Look through the records below, and copy out every line that holds the string "roll".

☆ ☆ ☆ ☆ ☆

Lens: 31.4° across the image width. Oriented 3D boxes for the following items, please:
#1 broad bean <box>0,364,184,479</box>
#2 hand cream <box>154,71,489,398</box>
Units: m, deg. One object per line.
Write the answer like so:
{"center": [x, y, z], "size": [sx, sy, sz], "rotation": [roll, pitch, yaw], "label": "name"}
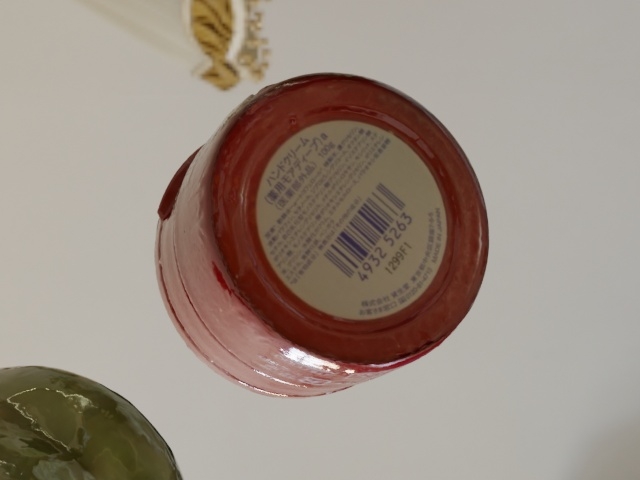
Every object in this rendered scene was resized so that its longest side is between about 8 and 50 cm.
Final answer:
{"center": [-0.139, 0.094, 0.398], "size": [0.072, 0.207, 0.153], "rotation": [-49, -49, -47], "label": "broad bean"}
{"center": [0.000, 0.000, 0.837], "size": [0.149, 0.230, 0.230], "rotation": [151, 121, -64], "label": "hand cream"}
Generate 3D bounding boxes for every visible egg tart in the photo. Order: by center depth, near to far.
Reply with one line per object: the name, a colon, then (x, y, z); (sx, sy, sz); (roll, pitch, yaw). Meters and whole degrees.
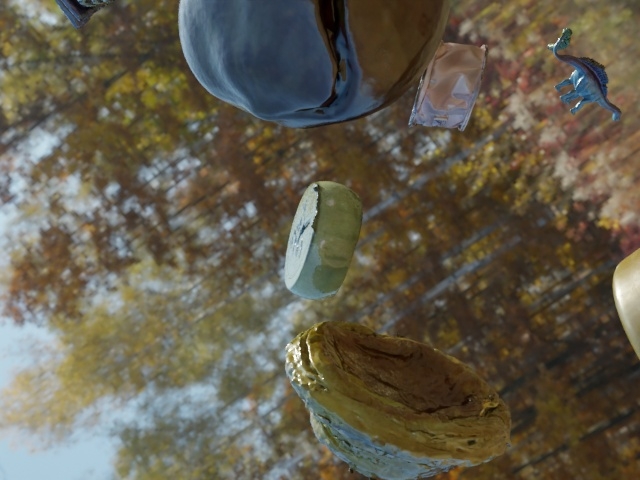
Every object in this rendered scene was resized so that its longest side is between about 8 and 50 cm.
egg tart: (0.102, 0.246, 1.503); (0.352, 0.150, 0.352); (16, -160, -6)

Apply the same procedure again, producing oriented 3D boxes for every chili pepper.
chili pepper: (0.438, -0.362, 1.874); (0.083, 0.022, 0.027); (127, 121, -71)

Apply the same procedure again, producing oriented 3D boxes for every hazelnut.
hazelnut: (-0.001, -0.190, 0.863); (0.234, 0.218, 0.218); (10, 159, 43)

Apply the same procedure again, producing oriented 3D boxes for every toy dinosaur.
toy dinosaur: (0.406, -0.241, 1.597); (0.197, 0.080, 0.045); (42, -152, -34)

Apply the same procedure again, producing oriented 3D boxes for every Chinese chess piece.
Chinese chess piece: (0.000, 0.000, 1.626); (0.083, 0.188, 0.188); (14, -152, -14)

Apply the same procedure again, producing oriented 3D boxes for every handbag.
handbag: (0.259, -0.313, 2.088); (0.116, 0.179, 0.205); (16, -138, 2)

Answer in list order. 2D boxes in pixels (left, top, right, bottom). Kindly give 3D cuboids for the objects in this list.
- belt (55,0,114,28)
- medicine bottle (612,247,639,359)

☆ ☆ ☆ ☆ ☆

▸ **OUTPUT BELOW**
{"center": [x, y, z], "size": [sx, sy, sz], "rotation": [roll, pitch, yaw], "label": "name"}
Reply with one line per object: the name, a colon, then (x, y, z); (sx, sy, sz); (roll, pitch, yaw). Meters and whole degrees.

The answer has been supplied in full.